Financial records help to monitor the expenditure as well as the gains that a business organization has made. The purpose of financial records is to submit such information to the shareholders of the business as well as other financiers of the organization. The records help them to evaluate the progress of their invested cash and assess if they are likely to suffer a loss or a profit. The requirements are that these records must be governed by both legal and ethical guidelines. They should be able to meet the organization standards and provide full evidence that transactions were made in case of any arising scandal. The records are kept in different forms which include: sales and purchases records, bank statements and cash books just to mention but a few.
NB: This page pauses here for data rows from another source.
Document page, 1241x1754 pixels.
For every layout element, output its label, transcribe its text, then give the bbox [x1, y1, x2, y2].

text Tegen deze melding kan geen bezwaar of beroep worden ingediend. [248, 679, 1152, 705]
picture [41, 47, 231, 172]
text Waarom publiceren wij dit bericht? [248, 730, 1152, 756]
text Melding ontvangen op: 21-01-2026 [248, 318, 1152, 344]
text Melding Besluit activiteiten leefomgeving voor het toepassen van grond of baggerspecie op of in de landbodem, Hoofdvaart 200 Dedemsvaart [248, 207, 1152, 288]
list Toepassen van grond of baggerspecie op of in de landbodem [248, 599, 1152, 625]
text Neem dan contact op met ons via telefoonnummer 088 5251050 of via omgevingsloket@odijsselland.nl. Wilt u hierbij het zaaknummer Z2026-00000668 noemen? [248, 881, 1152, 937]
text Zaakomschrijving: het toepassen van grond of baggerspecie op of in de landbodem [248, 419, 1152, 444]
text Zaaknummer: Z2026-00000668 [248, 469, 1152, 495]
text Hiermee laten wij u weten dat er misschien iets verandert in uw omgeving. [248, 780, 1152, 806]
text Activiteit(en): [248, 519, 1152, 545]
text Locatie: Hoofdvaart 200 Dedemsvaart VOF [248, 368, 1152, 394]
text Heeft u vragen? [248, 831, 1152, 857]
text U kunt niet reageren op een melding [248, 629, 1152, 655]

  1. Techniques for recording financial information

The techniques that are used for recording information in financial records include the following: manual recording, electronic recording, daybooks, use of accounts, and the cash register. Manual recording involves use of a pen and a paper to record the sales and purchases of the business. Electronic recording embraces the modern technology by using computers and tills to store financial information. The method is the most preferred considering its efficiency and reliability. Day books on the other hand have columns for the quantities and the values of goods sold on a daily basis. Transactions made are therefore debited or credited on this books. Accounts are prepared in situations of credit transactions. They may also be made to show records of loss or profit of the business as well as its sells and revenues. All financial records should be audited for accountability.
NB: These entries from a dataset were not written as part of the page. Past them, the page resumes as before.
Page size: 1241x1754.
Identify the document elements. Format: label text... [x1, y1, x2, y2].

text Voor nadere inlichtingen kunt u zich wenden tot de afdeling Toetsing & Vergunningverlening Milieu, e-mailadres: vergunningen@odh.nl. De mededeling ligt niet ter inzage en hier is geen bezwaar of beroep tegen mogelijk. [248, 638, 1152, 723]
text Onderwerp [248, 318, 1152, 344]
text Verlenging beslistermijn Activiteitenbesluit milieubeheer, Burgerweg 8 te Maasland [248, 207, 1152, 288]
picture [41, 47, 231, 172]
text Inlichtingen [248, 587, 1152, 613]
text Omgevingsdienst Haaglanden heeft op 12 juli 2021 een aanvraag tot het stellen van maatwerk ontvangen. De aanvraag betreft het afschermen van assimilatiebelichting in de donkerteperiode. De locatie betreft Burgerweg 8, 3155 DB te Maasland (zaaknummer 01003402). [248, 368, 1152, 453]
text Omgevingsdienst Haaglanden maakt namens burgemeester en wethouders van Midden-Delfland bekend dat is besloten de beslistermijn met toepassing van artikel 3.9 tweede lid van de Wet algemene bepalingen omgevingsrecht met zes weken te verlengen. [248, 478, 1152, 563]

  1. Legal and organizational requirements of financial records

The legal requirements are that business organizations should keep financial records which act as evidences in the case where a scandal arises. In addition, following the growth of the business the organizational work can only be simplified through record keeping. The organizational requirements differ with the type of organization. For instance, some businesses are formed through partnerships and therefore the signed agreement should be followed in record keeping.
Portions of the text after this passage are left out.